I don't know if this is going to work but how about:

assuming the log is of base e

$$y=\int \log(\sqrt{a^2+x^2} + b) dx$$
$$e^y=\int (\sqrt{a^2+x^2}+b) dx$$

solve the RHS and then take the ln of the resulting solution

Dick
Homework Helper
I don't know if this is going to work but how about:

assuming the log is of base e

$$y=\int \log(\sqrt{a^2+x^2} + b) dx$$
$$e^y=\int (\sqrt{a^2+x^2}+b) dx$$

solve the RHS and then take the ln of the resulting solution
I don't know how to do the integral easily, but I know you DEFINITELY can't do that. If this is related to the potential of a uniformly charged rectangle I'd suggest you post the steps you used to get to that integral. Shouldn't it be a double integral? There may be an easier approach that doesn't involve evaluating that integral.

This integral came up while trying to find the potential of a uniformly charged rectangle.

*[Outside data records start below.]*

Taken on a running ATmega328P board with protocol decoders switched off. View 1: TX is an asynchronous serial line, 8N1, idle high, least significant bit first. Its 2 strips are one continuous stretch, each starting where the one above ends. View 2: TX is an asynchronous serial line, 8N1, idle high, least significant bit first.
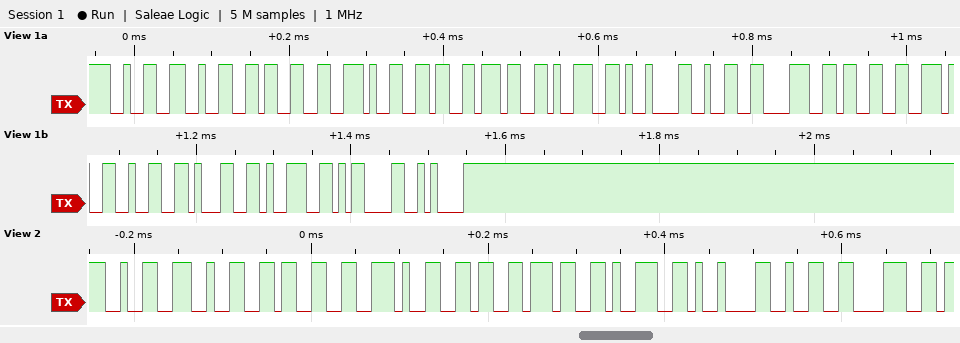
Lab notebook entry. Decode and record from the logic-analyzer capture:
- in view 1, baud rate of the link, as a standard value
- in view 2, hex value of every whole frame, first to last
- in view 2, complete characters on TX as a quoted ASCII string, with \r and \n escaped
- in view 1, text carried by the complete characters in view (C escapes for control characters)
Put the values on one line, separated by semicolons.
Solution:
115200 baud; 0x32 0x32 0x33 0x2E 0x36 0x37 0x39 0x09 0x32 0x38; "223.679\t28"; "223.679\t283.219\r\n"
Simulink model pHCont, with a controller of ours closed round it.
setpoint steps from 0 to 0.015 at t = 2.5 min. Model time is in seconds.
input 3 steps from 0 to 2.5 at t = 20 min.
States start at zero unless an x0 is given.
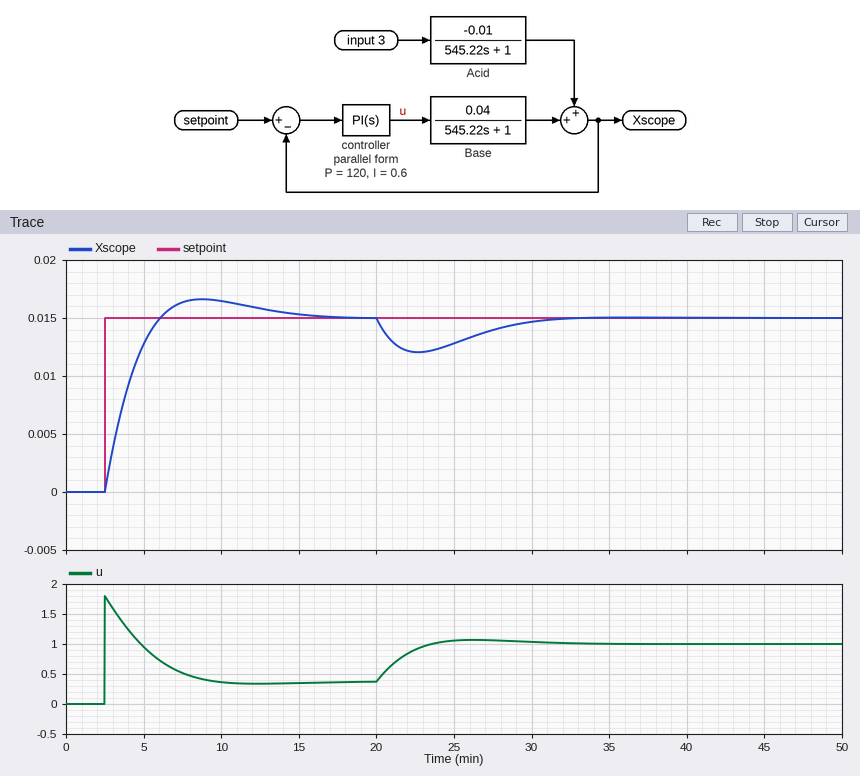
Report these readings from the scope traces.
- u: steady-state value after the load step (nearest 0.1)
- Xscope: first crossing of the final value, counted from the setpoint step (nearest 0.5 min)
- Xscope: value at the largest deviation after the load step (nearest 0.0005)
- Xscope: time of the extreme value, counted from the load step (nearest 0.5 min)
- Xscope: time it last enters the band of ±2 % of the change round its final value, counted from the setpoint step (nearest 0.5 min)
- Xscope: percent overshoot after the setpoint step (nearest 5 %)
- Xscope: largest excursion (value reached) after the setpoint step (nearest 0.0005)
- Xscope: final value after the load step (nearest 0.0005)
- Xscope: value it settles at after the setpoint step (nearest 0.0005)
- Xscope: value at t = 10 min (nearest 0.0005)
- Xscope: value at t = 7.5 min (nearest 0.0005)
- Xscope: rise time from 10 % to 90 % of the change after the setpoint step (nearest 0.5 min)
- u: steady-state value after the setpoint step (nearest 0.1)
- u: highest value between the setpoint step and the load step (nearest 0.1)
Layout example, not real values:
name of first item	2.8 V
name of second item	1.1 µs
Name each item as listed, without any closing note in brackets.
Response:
u: steady-state value after the load step	1.0
Xscope: first crossing of the final value, counted from the setpoint step	3.5 min
Xscope: value at the largest deviation after the load step	0.0120
Xscope: time of the extreme value, counted from the load step	2.5 min
Xscope: time it last enters the band of ±2 % of the change round its final value, counted from the setpoint step	12.5 min
Xscope: percent overshoot after the setpoint step	10 %
Xscope: largest excursion (value reached) after the setpoint step	0.0165
Xscope: final value after the load step	0.0150
Xscope: value it settles at after the setpoint step	0.0150
Xscope: value at t = 10 min	0.0165
Xscope: value at t = 7.5 min	0.0165
Xscope: rise time from 10 % to 90 % of the change after the setpoint step	2.5 min
u: steady-state value after the setpoint step	0.4
u: highest value between the setpoint step and the load step	1.8
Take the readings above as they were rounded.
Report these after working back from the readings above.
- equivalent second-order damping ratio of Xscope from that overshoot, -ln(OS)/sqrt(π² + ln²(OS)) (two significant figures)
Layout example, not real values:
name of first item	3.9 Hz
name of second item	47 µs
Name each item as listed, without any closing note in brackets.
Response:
equivalent second-order damping ratio of Xscope from that overshoot, -ln(OS)/sqrt(π² + ln²(OS))	0.59
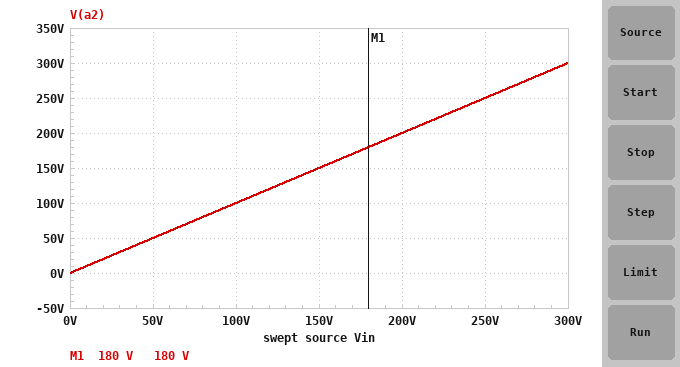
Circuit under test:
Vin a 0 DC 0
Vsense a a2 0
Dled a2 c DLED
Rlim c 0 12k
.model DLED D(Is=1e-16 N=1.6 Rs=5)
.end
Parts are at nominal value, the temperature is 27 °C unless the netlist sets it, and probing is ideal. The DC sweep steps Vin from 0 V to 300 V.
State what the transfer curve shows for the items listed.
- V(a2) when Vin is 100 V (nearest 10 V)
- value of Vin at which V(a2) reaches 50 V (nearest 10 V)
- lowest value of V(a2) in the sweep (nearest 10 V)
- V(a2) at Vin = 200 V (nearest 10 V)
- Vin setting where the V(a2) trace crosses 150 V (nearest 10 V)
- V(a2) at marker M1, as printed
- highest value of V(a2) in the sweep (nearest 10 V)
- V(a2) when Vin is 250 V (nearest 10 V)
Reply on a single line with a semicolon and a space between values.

100 V; 50 V; 0 V; 200 V; 150 V; 180 V; 300 V; 250 V
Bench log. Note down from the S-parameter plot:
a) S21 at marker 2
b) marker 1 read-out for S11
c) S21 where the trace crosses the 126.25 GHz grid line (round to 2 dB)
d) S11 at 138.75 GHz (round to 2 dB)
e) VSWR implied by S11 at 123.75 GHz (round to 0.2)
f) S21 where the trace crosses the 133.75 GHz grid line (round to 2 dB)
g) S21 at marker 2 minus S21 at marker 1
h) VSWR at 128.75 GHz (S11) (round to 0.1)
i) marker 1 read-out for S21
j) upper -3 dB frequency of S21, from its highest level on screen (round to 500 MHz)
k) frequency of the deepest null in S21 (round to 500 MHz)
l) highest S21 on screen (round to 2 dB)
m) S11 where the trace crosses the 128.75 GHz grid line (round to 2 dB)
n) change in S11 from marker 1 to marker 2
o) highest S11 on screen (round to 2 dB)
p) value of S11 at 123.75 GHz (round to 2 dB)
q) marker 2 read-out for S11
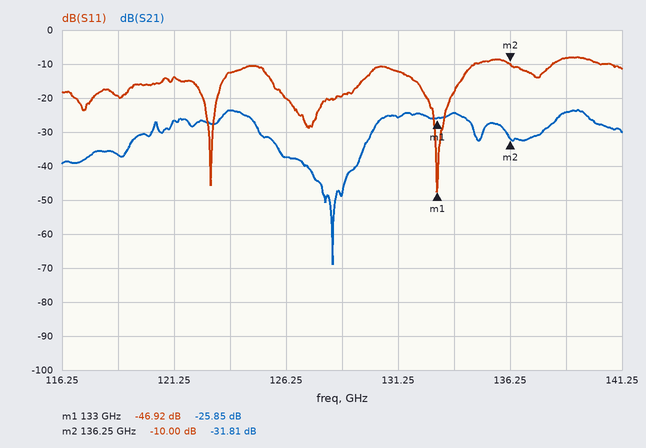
-31.81 dB
-46.92 dB
-38 dB
-8 dB
1.6
-24 dB
-5.96 dB
1.2
-25.85 dB
140.0 GHz
128.5 GHz
-24 dB
-20 dB
36.92 dB
-8 dB
-12 dB
-10.00 dB

$$\int \log(\sqrt{a^2+x^2} + b) dx$$

Integrator gives a pretty long expression involving inverse tangents so I'm not sure where to begin at all. I tried integrating by parts once, taking u to be the whole expression, but it just makes it messier. I also tried the trig subtitution:

$$x = a \tan(\theta)$$
$$\int a \log(a \sec(\theta) + b) \sec^2(\theta) d \theta$$

But that's not any easier to integrate.
have you tried using integration by parts? I think it would simplify thigs a lot. And after that probbably a trig substitution would work, i am not sure though, i haven't tried it myself.

If this is related to the potential of a uniformly charged rectangle I'd suggest you post the steps you used to get to that integral. Shouldn't it be a double integral? There may be an easier approach that doesn't involve evaluating that integral.
Okay, there's a rectangle with uniform charge density $\delta$ with one corner at the origin and the other corner at (L, H). And we want to find potential as a function of (x, y), so x and y are constants in the following integral.(this is gonna be fun to type up).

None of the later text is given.